Compared with those who switched to a first-generation BI, those who continued with Gla-300 had a lower risk of discontinuing therapy; fewer all-cause, diabetes-related, and hypoglycemia-related ED visits; and fewer hypoglycemia events. The lower rates of hypoglycemia observed in the Gla-300 group could potentially have driven the lower rates of ED visits observed in this study, translating into better persistence observed with Gla-300 versus first-generation BIs. These results suggest that improving coverage for and access to second-generation BIs may be beneficial for people with type 2 diabetes who need insulin therapy to control their diabetes.

This study was funded by Sanofi US. Medical writing support was provided by Barrie Anthony, PhD, CMPP, of Evidence Scientific Solutions and funded by Sanofi US.

S.E. has served on advisory boards and speakers’ bureaus for AstraZeneca, MannKind, and Xeris and on an advisory board for BrightSight and is a board member for Senseonics and TeamType1. J.Go. serves on speakers’ bureaus for Abbott Diabetes, Amarin, Lilly, Novo Nordisk, and Xeris. D.C.M. is or has been a consultant to Avidity, Novartis, Pharmacyclics, Sarepta, and Seres. R.P. and J.Gi. are employees of and stockholders in Sanofi. K.M. and X.L. are employees of Sanofi. S.G. has been a speaker for Sanofi. No other potential conflicts of interest relevant to this article were reported.
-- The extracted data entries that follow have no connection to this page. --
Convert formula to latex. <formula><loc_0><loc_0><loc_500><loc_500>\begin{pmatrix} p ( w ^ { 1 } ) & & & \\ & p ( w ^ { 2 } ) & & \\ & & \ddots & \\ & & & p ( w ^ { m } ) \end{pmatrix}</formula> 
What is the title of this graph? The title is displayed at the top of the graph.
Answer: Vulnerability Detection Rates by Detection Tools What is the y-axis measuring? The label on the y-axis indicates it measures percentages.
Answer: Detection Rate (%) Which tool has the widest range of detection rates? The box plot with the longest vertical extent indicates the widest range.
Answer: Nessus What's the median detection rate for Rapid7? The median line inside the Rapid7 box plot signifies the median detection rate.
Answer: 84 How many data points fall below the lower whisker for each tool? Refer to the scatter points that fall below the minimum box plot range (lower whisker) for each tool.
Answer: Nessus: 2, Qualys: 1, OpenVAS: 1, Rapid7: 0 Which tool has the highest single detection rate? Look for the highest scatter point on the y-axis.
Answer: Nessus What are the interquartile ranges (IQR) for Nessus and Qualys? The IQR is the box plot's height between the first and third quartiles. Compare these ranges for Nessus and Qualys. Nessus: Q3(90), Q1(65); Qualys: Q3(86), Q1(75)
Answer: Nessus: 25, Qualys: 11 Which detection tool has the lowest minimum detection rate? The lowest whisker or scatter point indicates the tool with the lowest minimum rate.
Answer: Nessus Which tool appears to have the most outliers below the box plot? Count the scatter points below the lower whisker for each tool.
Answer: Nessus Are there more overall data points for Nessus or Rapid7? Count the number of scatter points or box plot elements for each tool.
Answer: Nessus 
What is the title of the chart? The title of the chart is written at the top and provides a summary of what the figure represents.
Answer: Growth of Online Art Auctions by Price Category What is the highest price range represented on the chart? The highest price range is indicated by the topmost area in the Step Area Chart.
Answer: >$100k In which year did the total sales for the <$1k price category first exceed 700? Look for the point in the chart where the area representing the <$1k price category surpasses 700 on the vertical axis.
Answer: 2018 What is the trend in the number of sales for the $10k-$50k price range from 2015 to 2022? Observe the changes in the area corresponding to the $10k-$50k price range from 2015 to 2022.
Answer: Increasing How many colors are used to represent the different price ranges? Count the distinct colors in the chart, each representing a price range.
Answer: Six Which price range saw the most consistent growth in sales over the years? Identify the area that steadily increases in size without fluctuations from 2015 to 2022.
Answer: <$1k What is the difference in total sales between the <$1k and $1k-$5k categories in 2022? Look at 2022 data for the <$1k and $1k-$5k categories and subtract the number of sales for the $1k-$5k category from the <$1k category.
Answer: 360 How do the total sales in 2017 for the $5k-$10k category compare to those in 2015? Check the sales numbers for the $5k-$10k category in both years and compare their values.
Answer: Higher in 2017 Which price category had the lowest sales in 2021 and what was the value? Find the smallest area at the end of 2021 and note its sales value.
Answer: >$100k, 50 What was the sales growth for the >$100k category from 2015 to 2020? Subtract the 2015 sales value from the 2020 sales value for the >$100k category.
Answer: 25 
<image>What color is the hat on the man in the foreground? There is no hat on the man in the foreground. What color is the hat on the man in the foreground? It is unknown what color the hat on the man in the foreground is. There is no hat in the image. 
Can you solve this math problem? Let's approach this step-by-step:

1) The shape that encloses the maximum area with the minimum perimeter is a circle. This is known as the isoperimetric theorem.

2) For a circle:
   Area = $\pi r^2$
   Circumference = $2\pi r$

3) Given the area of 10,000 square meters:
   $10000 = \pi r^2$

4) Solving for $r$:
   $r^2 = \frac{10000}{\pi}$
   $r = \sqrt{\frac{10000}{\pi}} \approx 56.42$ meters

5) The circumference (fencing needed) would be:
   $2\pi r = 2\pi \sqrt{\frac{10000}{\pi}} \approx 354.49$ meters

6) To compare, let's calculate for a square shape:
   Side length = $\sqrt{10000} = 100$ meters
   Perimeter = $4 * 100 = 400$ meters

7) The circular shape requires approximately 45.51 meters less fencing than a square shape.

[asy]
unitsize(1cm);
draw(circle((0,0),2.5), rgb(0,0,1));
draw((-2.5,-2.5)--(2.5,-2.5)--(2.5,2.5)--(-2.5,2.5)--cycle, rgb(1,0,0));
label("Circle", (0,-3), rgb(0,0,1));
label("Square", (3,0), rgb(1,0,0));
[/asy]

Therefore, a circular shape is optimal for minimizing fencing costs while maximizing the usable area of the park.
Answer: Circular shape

R.P., K.M., and X.L. contributed to the study design and acquisition and analyses of data. All authors were involved in the interpretation of the data and in drafting and revising the manuscript for important intellectual content, and all approved the publication for submission and agreed to be accountable for all aspects of the work in ensuring that questions related to the accuracy or integrity of any part of the work are appropriately investigated and resolved. S.E. is the guarantor of this work and, as such, had full access to all the data in the study and takes responsibility for the integrity of the data and the accuracy of the data analysis.

Portions of the data in this article were presented at the American Diabetes Association’s 82nd Scientific Sessions in New Orleans, LA, 3–7 June 2022.